Two modes against one tool:

  - Live (default): re-gathers the same inputs `runtime.chat()` uses
    (workspace, identity, registry, skills, instructions, apps, prefs)
    and runs `composeSystemPromptTraced` to produce the full per-layer
    breakdown for the current state. Honest answer to "what would
    compose right now if a turn started in this conversation."

  - Historical (`run_id` set): reads the `skills.loaded` event for the
    given run from the conv jsonl and audits each layer-3 skill —
    re-reads the on-disk body, computes its SHA-256, compares to the
    recorded `contentHash`. Match → display the body verbatim. Drift
    → look up `_versions/` snapshots; if one matches the recorded
    hash, display that body (`hashStatus: "recovered"`). No match
    → display current with `hashStatus: "drift"` and a warning.

Bundle filter narrows layers + subItems to one bundle's contributions
(apps section row + layer-3 skills under the bundle's affined dir).
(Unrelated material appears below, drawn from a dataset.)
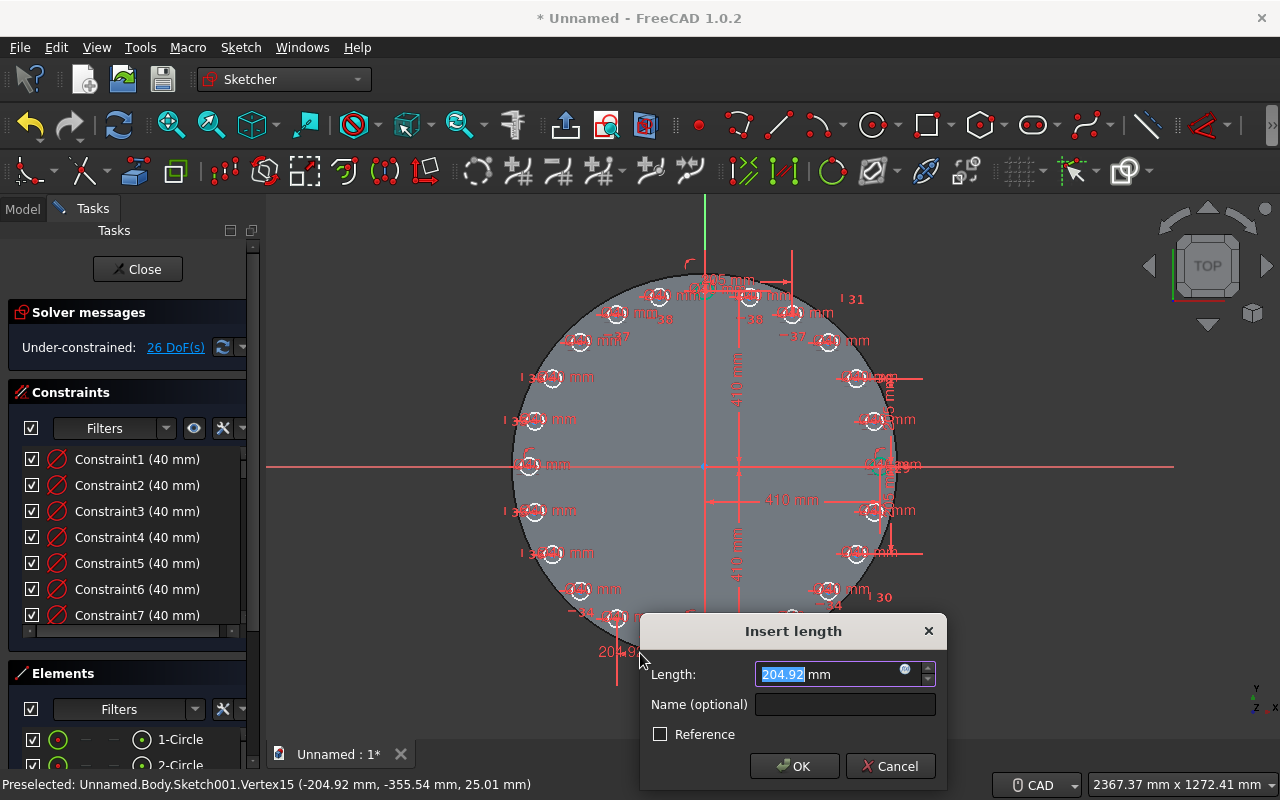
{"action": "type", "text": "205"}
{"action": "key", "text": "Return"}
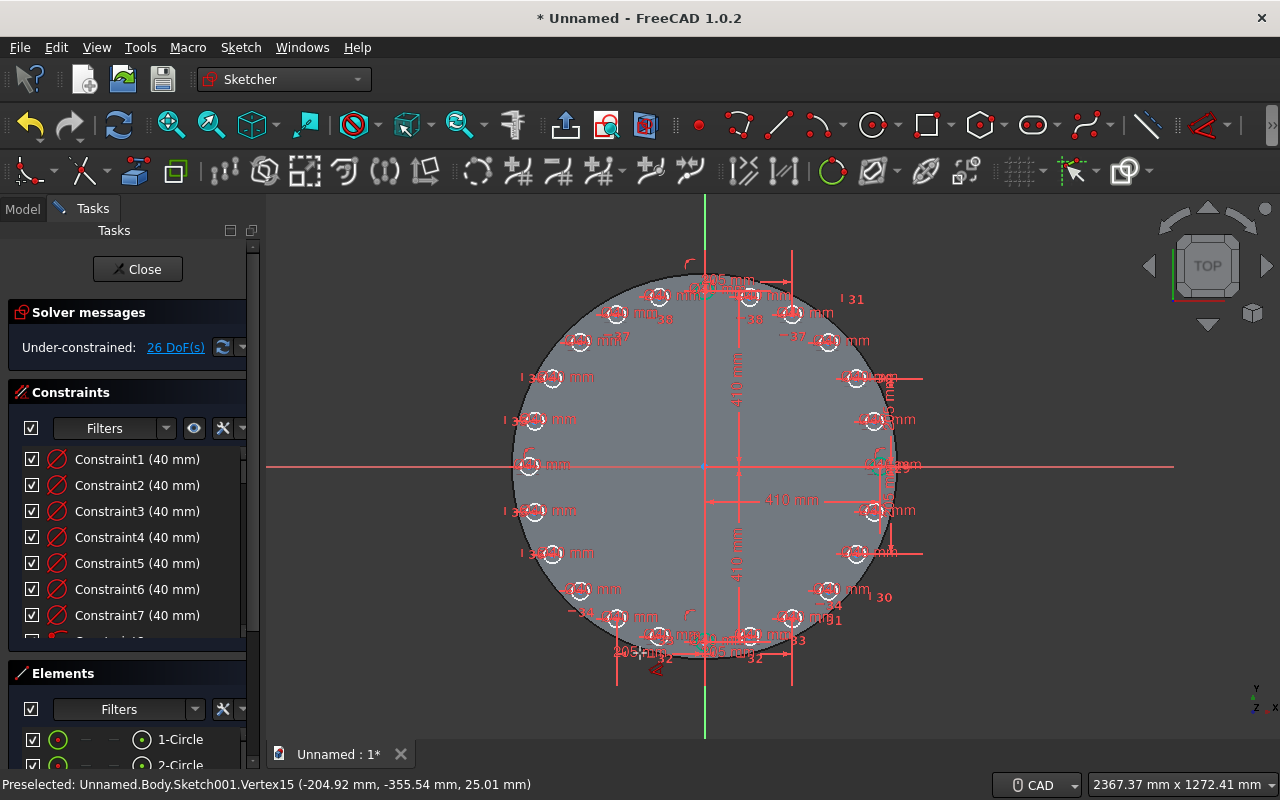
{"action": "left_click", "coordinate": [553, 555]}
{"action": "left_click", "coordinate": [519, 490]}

## Three structural changes

1. New traced compose function. Added `composeSystemPromptTraced(...)`
   to `prompt/compose.ts` returning `{text, layers, totalTokens}`.
   Existing `composeSystemPrompt` is now a one-liner that calls the
   traced variant and returns `.text`. Layer kinds enumerated:
     core_skill, default_identity, user_context_skill, user_prefs,
     participants, workspace_context, org_overlay, workspace_overlay,
     layer3_skills, apps, app_state, focused_app, matched_skill.
   `apps` and `layer3_skills` carry `subItems` for per-app / per-skill
   filtering and inspection without re-parsing the section text. The
   joined `.text` is byte-identical to the legacy string output —
   verified by a property test.

2. New `compose` platform source. New file
   `src/tools/platform/compose.ts` exposing one tool
   (`compose__effective_context`). Visible to agents; read-only; no
   security implications. Registered via the existing
   `createPlatformSources` factory.

3. Two private runtime helpers made public. `buildAppsList(wsId)` and
   `readPromptOverlays(wsId)` — needed by the tool's live-mode gather
   path. Workspace-scoped, no privilege escalation. Doc comments
   explain the new visibility.

## Honest scope limits

  - Historical mode reconstructs layer-3 skills only. Identity, prefs,
    overlays, apps, focused-app, and app-state aren't recorded in
    events with enough detail to reconstruct, and snapshotting full
    bodies into events was rejected as too expensive (10-100× event
    size). The tool surfaces a `non_l3_layers_omitted` warning in
    historical mode directing the caller at live mode for the rest.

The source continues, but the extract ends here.